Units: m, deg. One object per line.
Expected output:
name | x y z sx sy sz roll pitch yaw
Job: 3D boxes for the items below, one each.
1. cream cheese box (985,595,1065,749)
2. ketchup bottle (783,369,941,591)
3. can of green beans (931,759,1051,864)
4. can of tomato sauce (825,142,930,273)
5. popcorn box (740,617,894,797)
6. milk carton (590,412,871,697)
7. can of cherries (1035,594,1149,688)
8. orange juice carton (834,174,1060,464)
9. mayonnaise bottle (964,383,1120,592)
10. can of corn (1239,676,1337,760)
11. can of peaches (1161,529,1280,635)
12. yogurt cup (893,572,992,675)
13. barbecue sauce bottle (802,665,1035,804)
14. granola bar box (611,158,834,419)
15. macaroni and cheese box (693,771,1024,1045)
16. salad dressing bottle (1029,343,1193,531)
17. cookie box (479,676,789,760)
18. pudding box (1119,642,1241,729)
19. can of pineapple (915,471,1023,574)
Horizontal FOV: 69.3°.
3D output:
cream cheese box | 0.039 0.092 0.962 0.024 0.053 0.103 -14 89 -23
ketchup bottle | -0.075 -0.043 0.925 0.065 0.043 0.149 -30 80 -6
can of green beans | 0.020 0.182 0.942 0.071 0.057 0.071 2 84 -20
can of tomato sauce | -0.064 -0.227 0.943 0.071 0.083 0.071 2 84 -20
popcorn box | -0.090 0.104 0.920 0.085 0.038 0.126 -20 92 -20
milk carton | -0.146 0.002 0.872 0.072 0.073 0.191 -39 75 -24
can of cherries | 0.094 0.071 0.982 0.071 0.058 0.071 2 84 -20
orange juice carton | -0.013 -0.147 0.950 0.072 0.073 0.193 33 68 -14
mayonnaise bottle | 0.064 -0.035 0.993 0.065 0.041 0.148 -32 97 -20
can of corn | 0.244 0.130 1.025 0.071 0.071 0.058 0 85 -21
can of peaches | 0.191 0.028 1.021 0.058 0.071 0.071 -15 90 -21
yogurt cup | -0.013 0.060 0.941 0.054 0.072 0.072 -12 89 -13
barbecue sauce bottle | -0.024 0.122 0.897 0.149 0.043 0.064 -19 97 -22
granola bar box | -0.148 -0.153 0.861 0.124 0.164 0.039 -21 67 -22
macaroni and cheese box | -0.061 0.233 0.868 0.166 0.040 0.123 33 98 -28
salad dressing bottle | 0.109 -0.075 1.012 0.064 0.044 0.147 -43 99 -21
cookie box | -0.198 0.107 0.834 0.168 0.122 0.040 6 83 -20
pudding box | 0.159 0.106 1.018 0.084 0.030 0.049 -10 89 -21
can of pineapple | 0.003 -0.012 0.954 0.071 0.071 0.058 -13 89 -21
══════════════════════════════
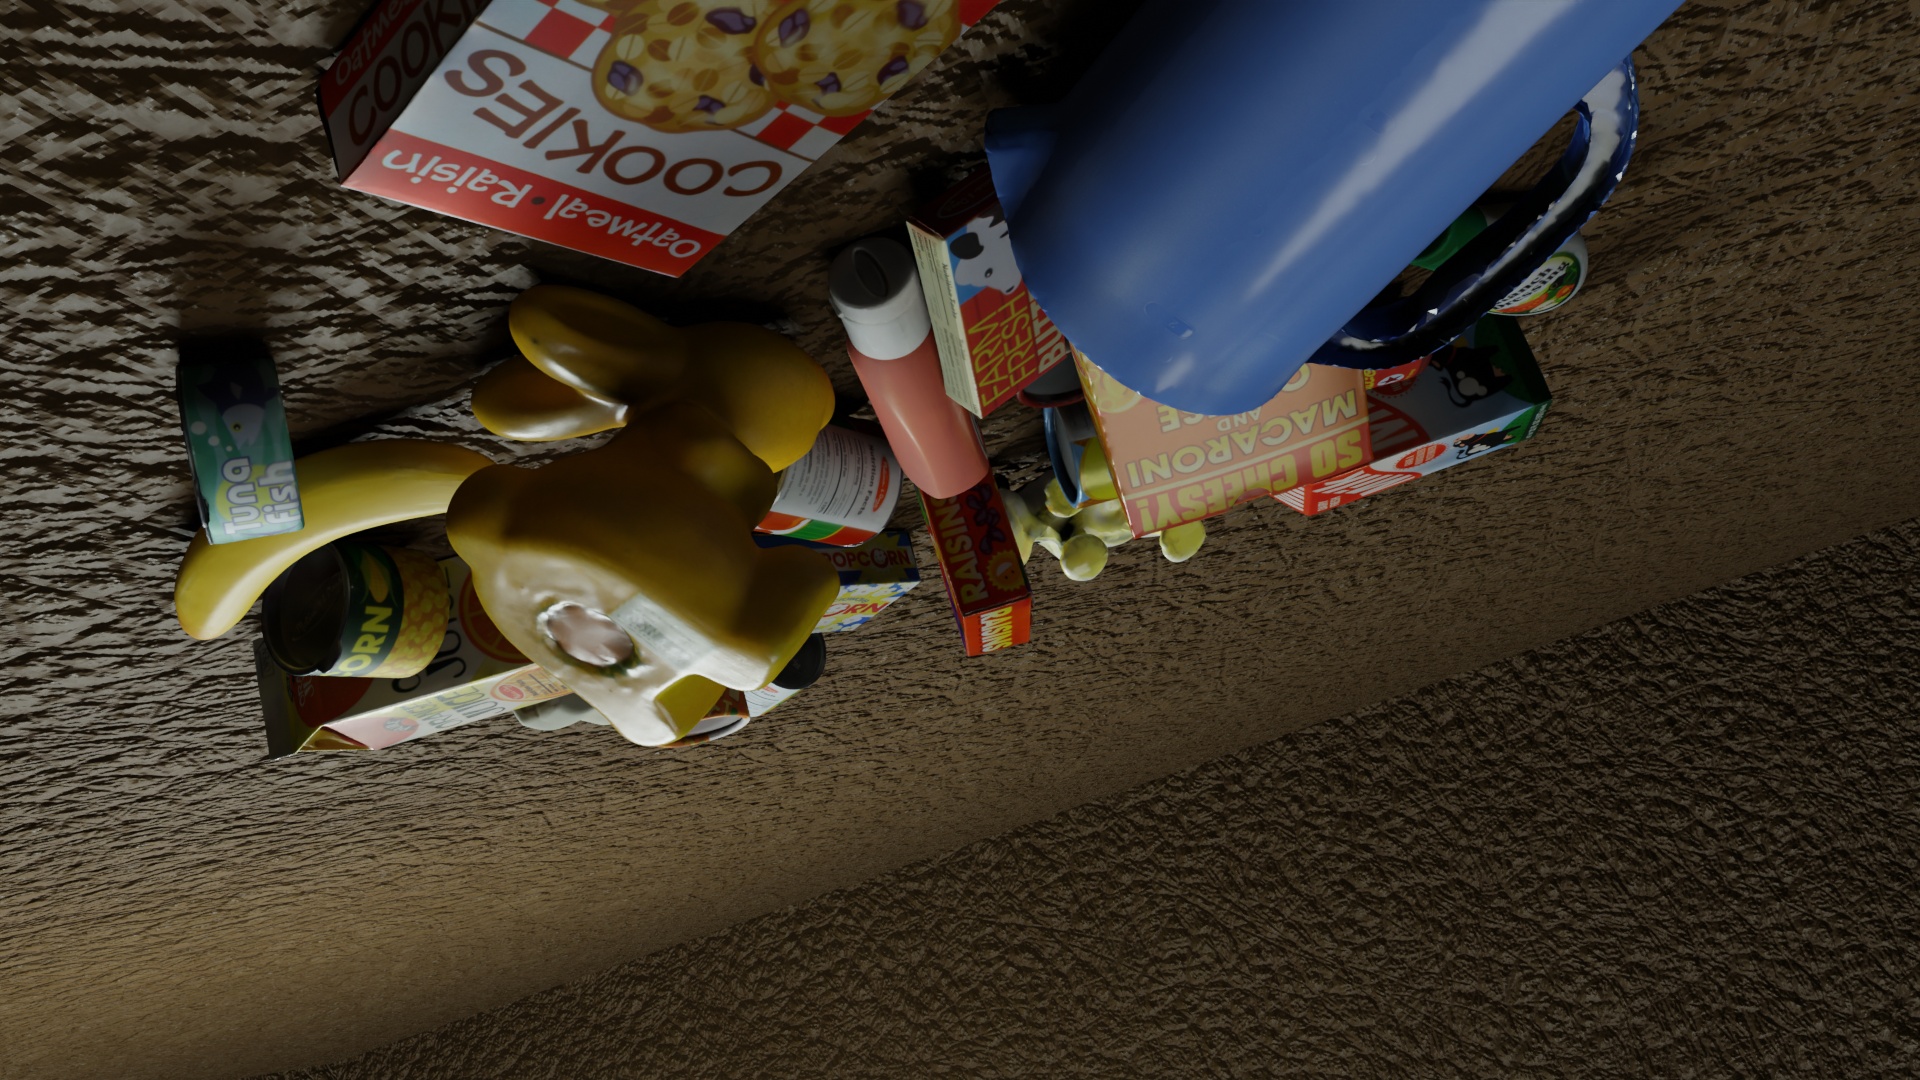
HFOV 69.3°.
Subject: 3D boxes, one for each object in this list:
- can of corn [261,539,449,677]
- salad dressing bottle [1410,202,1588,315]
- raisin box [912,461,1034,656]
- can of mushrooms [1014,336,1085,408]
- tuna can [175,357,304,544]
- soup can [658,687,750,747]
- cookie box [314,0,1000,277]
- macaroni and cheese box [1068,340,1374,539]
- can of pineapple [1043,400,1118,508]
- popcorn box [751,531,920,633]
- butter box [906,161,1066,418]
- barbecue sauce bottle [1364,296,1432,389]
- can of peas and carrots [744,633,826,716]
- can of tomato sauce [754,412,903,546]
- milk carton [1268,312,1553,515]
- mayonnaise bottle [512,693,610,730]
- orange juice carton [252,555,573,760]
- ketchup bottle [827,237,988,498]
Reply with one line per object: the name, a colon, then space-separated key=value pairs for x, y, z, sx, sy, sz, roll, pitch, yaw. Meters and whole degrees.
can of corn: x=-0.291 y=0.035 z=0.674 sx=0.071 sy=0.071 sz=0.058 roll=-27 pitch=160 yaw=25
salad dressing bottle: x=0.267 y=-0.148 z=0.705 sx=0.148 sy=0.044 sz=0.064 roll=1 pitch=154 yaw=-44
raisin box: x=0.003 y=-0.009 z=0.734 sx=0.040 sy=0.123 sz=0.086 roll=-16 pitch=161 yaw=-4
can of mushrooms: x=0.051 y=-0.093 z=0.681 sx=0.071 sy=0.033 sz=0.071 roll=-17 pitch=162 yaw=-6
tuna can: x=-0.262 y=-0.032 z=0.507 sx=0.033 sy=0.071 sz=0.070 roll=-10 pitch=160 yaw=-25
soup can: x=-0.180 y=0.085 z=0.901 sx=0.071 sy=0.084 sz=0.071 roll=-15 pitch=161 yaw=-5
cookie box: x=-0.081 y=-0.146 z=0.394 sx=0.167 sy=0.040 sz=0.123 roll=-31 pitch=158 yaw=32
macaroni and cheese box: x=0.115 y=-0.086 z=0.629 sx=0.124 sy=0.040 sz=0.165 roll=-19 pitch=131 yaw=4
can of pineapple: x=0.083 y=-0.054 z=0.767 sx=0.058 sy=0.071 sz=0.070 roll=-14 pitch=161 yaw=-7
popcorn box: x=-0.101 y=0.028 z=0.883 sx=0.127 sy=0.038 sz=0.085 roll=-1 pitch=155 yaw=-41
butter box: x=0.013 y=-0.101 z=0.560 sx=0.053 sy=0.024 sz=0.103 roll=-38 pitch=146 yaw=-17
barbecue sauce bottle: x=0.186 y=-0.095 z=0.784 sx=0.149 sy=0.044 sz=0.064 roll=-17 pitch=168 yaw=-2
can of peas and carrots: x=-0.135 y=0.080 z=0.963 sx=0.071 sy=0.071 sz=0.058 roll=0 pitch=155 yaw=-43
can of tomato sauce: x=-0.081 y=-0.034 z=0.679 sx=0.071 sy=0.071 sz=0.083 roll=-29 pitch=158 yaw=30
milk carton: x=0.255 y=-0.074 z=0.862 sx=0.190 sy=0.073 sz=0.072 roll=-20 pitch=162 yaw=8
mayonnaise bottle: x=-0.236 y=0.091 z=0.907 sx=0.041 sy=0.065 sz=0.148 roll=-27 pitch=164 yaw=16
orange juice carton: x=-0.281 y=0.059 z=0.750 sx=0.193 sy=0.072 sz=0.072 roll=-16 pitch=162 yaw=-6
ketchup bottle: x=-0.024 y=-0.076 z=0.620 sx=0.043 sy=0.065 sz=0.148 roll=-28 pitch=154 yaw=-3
══════════════════════════════
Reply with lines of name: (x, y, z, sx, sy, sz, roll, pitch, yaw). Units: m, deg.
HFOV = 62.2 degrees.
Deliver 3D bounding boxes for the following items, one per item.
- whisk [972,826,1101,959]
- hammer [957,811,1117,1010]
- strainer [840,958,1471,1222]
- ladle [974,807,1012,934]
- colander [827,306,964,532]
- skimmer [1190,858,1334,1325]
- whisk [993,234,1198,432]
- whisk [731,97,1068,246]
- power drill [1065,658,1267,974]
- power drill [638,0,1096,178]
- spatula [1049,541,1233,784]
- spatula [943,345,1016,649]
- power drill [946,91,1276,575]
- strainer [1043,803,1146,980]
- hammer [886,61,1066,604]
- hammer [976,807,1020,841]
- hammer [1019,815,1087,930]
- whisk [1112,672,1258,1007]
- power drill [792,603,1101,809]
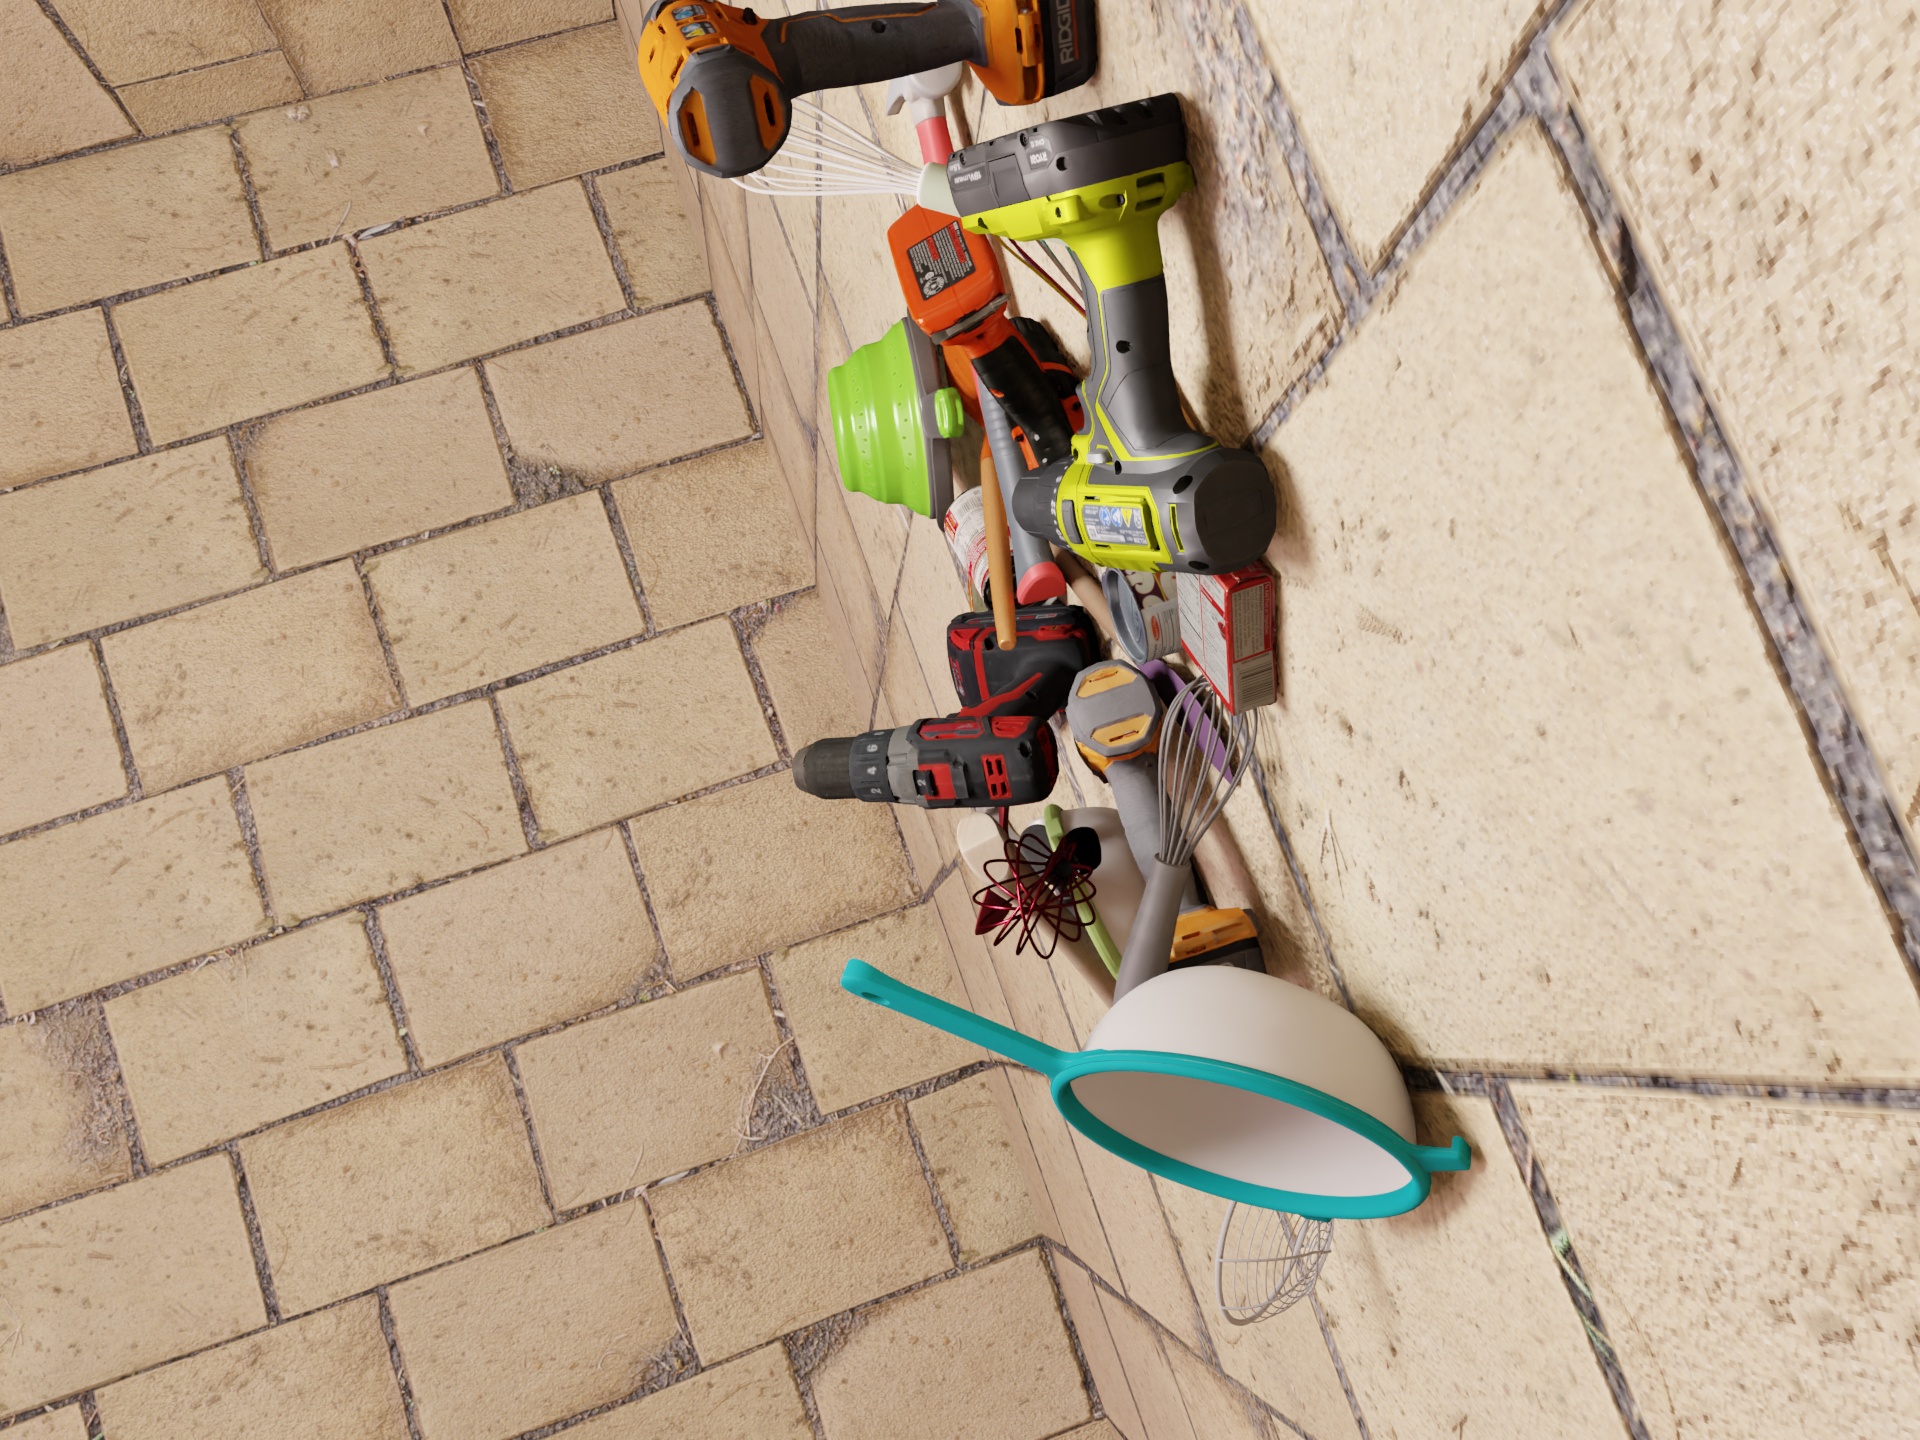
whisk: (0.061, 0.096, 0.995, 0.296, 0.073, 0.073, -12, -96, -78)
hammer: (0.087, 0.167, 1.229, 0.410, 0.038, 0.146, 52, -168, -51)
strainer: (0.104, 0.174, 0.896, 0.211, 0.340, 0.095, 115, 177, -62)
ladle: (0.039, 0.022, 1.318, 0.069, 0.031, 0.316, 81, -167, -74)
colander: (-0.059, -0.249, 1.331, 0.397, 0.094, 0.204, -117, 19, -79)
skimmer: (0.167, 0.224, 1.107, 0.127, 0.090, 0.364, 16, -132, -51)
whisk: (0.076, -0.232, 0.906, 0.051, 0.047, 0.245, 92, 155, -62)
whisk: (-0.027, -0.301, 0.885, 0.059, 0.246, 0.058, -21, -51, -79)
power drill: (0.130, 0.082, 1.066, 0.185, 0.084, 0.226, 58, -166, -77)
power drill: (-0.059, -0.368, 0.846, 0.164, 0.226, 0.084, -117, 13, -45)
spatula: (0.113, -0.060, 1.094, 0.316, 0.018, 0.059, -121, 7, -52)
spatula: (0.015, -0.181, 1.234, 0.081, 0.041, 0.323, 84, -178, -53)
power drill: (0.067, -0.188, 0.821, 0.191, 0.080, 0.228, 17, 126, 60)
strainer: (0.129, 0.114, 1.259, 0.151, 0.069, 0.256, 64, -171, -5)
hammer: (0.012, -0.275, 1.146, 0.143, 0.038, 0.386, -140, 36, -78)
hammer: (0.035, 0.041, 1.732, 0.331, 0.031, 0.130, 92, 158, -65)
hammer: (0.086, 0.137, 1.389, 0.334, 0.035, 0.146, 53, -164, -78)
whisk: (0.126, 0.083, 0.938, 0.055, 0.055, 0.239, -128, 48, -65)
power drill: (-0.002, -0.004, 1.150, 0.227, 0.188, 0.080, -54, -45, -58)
══════════════════════════════
▶ [Problem]
The expected output is every line of the records in which the string "items" appears.

▶ [Your solution]
Job: 3D boxes for the items below, one each.
Deliver 3D bounding boxes for the following items, one per item.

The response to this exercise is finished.